Debate is a skill and a sport. School debate teams routinely find out which side of an issue they're supposed to defend once they arrive at the venue, just as football teams depend on a flip of a coin to decide whether they kick off or receive. A good debater is supposed to be able to defeat a bad one regardless of which one has the right side. Creationists tend to have more experienced and skilled debaters than whatever local teacher or lecturer shows up to defend evolution. I daresay that Answers in Genesis creationist Jonathan Sarfati could beat Richard Dawkins in a game of chess -- but that doesn't really settle which one is closer to right. But the point is that a formal debate isn't much better as a guide to truth.
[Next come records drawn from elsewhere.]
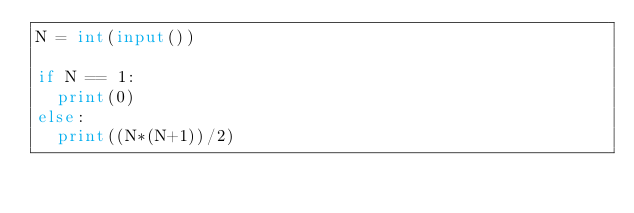Convert code to text. <code><loc_0><loc_0><loc_500><loc_500><_Python_>N = int(input())

if N == 1:
  print(0)
else:
  print((N*(N+1))/2)</code> 
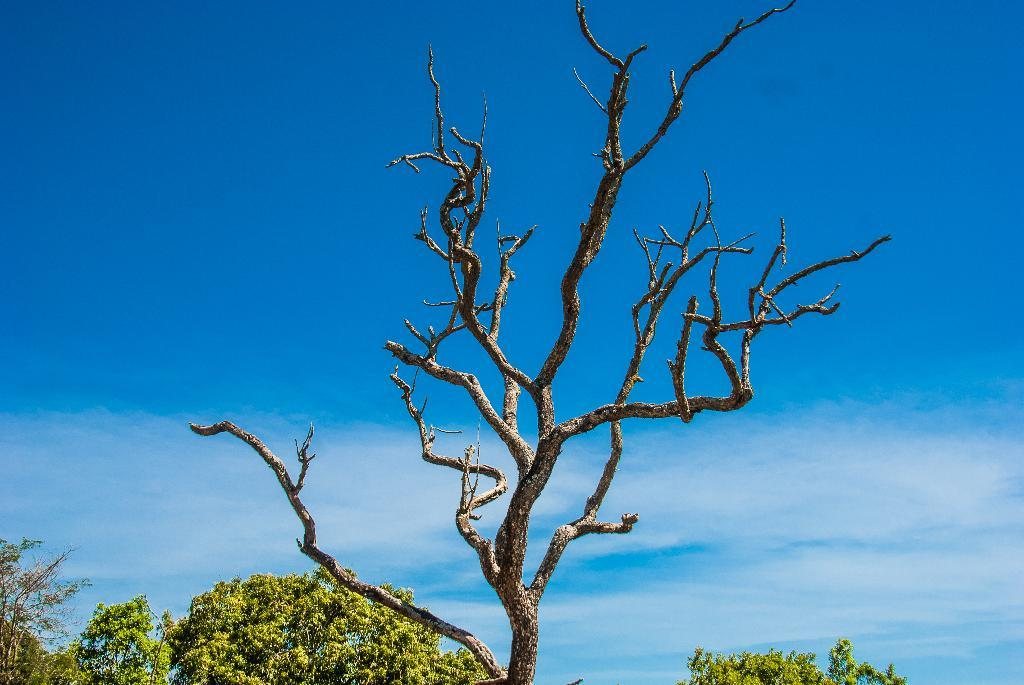What type of vegetation is visible in the front of the image? There are trees in the front of the image. What part of the natural environment can be seen in the background of the image? The sky is visible in the background of the image. How many potatoes are visible in the image? There are no potatoes present in the image. What type of haircut can be seen on the trees in the image? Trees do not have haircuts, as they are plants and not people.

Debate has an interesting weakness. You can just make up stuff, and it works if your opponent doesn't catch you or call you on it. Duane Gish used to tell audiences, when he was debating hapless evolutionists, that contrary to evolutionary predictions, various enzymes in humans were more similar to homologous enzymes in chickens or frogs than to the corresponding enzymes in chimpanzees. In point of fact, the chimp versions and human versions of these enzymes were identical -- but hey, if no one called him on it, he scored a point.

The fact that creationists don't much impress the scientific community (indeed, they don't even much impress the court system -- debate skills don't work so well when you can be cross-examined at length) is more relevant than the fact that they do impress scientifically illiterate audiences.

Steven J. said...

Of course reconciling science and religion means compromising on the religion. So it has always been. We know, from the few surviving writings that mention their views on the matter, that Jews from around the time of Christ (e.g. in the book of Enoch or Josephus' histories) thought that the Earth was a flat disk surmounted by a solid dome of the sky. Early Christians like Theophilus of Antioch and Lactantius Firmianus affirmed the biblical flat disk-shaped Earth against pagan Greek thinkers who argued for a spherical Earth. But Lactantius was already in a minority (at least among educated Christians) in the early fourth century.

Eleven or twelve centuries later, many Christians argued against the idea that the Earth turned on its axis and orbited the sun. Did not the Bible clearly say that the sun, not the Earth, stopped moving at Joshua's command? Did not the Psalms repeatedly insist that the Earth had been established and did not move? And, for that matter, did not Genesis describe the sun being made after the Earth? On a heliocentric cosmology, that's a lot like digging a foundation after you put up the building, or making whales before there's an ocean to put them in; on a geocentrist cosmology it makes much more sense.

But the Bible, having once been reinterpreted to allow for a spherical Earth, was duly reinterpreted to allow for a moving Earth. This is how the reconciliation of science to the Bible works.